Our overall aim is that by working collaboratively with other institutions and Research Libraries UK, the SALT project will advance our knowledge and understanding of how best to support research in the 21st century. Libraries are a rich source of valuable information, but sometimes the sheer volume of materials they hold can be overwhelming even to the most experienced researcher — and we know that researchers’ expectation on how to discover content is shifting in an increasingly personalised digital world. We know that library users — particularly those researching niche or specialist subjects — are often seeking content based on a recommendation from a contemporary, a peer, colleagues or academic tutors. The SALT Project aims to provide libraries with the ability to provide users with that information. Similar to Amazons, ‘customers who bought this item also bought….’ the recommenders on this system will appear on a local library catalogue and on Copac and will be based on circulation data which has been gathered over the past 10 years at The University of Manchester’s internationally renowned research library.

How effective will this model prove to be for users — particularly humanities researchers users?

Here’s what we want to find out:

Will researchers in the field of humanities benefit from receiving book recommendations, and if so, in what ways?
Will the users go beyond the reading list and be exposed to rare and niche collections — will new paths of discovery be opened up?
Will collections in the library, previously undervalued and underused find a new appreciative audience — will the Long Tail be exposed and exploited for research?
Will researchers see new links in their studies, possibly in other disciplines?

We also want to consider if there are other potential beneficiaries. By highlighting rarer collections, valuing niche items and bringing to the surface less popular but nevertheless worthy materials, libraries will have the leverage they need to ensure the preservation of these rich materials. Can such data or services assist in decision-making around collections management? We will be consulting with Leeds University Library and the White Rose Consortium, as well as UKRR in this area.

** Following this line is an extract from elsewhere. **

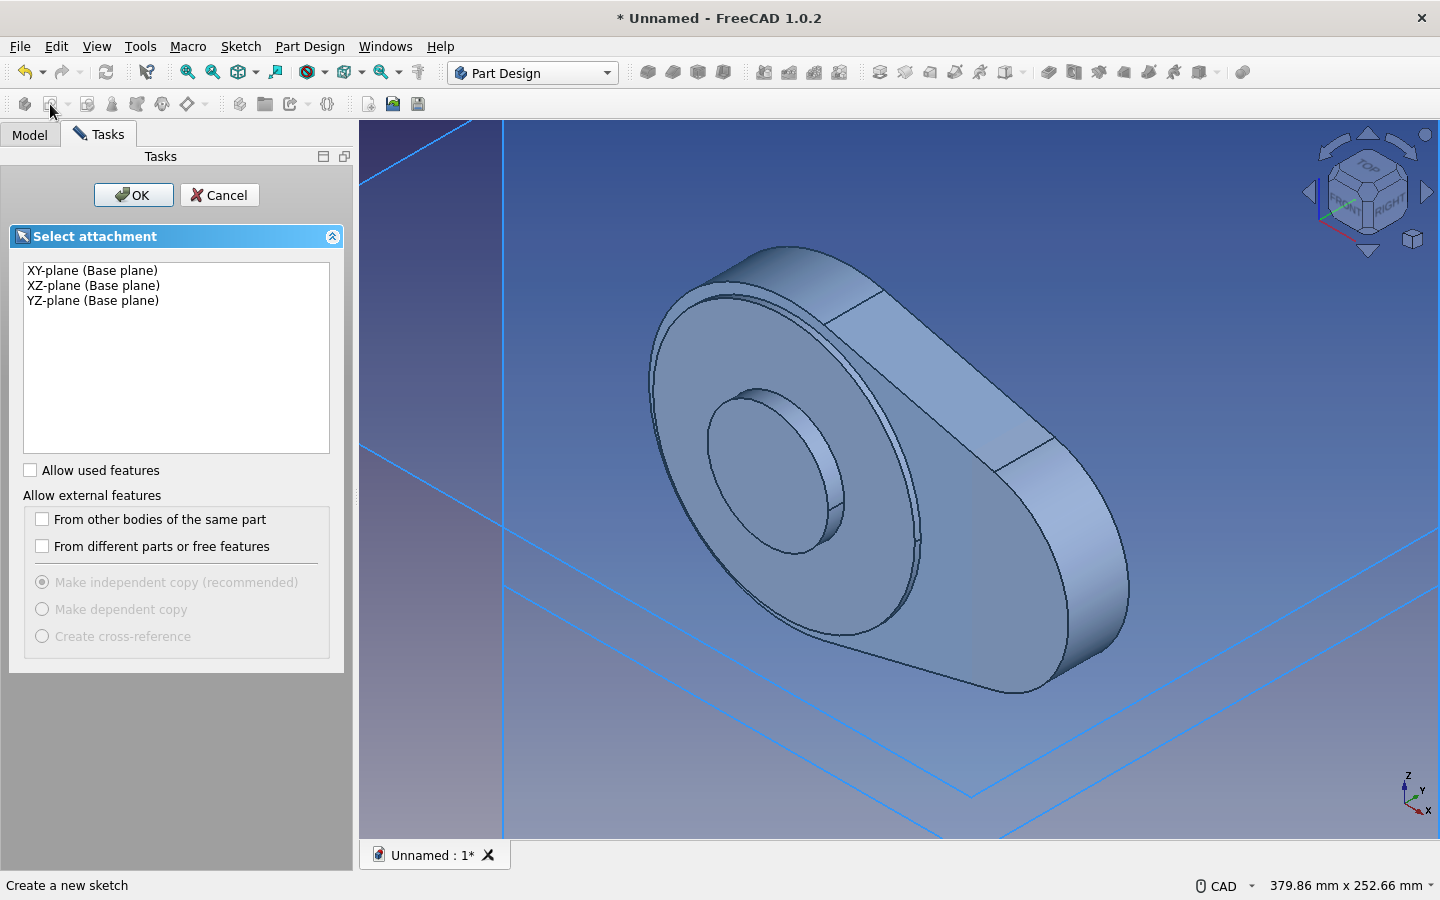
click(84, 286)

(And finally, as part of our sustainability planning, we want to look at how scalable this approach might be for developing a shared aggregation service of circulation data for UK University Libraries. We’re working with potential data contributors such as Cambridge University Library, University of Sussex Library, and the M25 consortium as well as RLUK to trial and provide feedback on the project outputs, with specific attention to the sustainability of an API service as a national shared service for HE/FE that supports academic excellence and drives institutional efficiencies.